Learning to Summarize User-Generated Video

Project ID
Project Categories
Computer Science
NSF Grant Number
We are developing automatic video summarization algorithms, and supporting recognition methods that require large-scale computation. A video summarization algorithm must answer the question: which frames in the original video are worthy of appearing in the output summary? A rich literature in computer vision and multi-media has developed a plethora of methods to prioritize which subset of frames (or subshots) should be selected. Despite the progress, we contend that prior approaches are inherently impeded by their unsupervised nature. Specifically, they are plagued by three key limitations: (1) they rely on hand-crafted criteria that are believed to lead to good summaries; (2) they summarize by compression using temporally local information, thus making it difficult to optimize the criteria jointly on the selected frames as a set; (3) they often expect preprocessed inputs captured by professional photographers—e.g., newscasts, sports events, movies, TV shows—making them inadequate to respond to the urgent need to summarize unedited “user-generated” video, whose visual quality is significantly different from edited data.
Use of FutureSystems
"Deep learning" systems represent the current state-of-the-art in many computer vision and machine-learning tasks and are becoming increasingly important in our group's research.
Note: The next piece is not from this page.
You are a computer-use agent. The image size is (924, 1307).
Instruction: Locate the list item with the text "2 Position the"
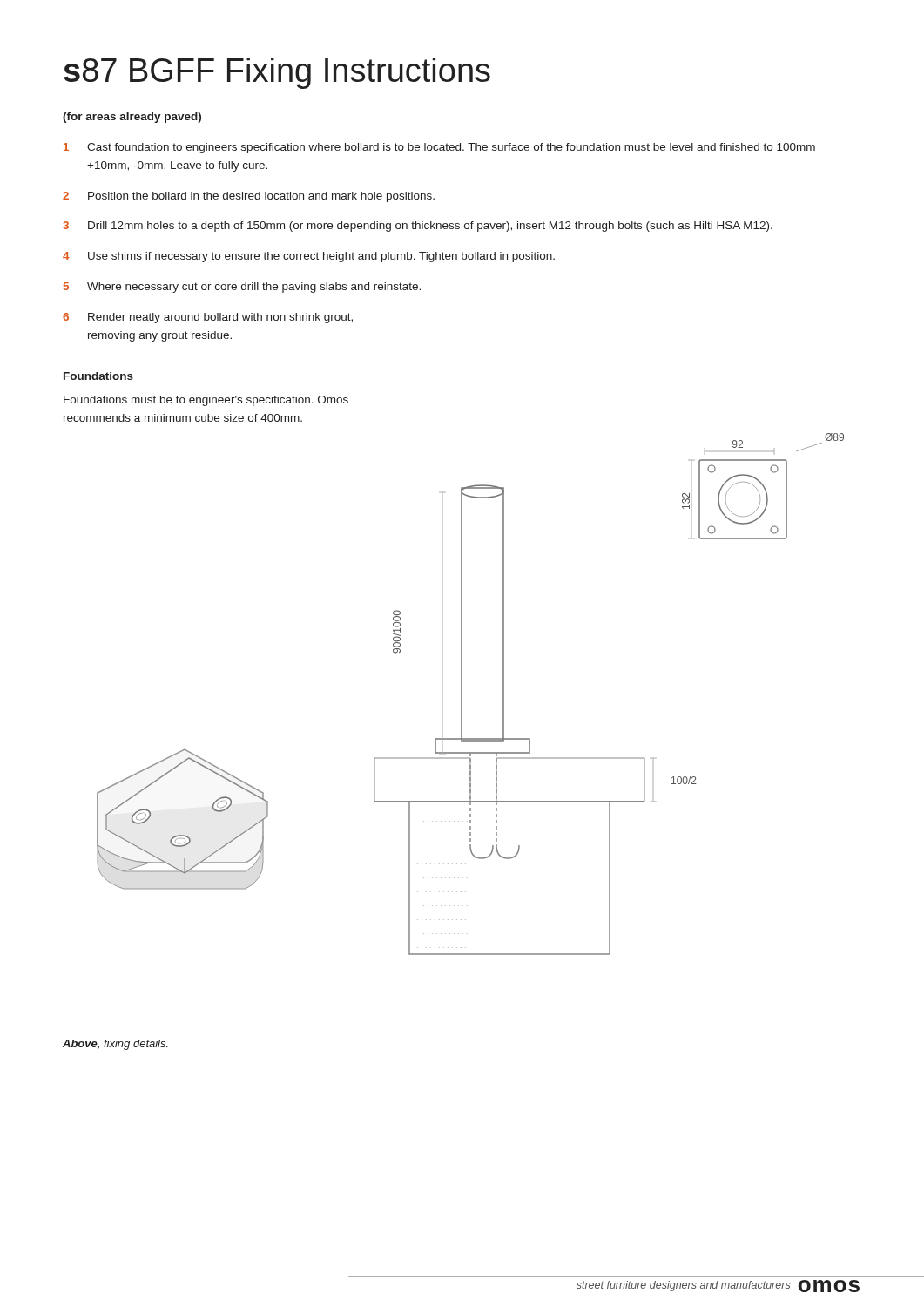tap(249, 197)

They demand access to GPU clusters. Furthermore, such systems also tend to have many hyperparameters that must be optimized through repeated trial-and-error, varying each hyperparameter. Access to the Delta cluster should significantly speed up our research progress.
Scale of Use
At peak usage, we expect to be continuously using up to 20 GPU units on Delta for up to 7-10 days at a time (over multiple batches of processes). A reasonable estimate of average usage over the next few months could be: ~5 GPUs for about 10 hours each every week.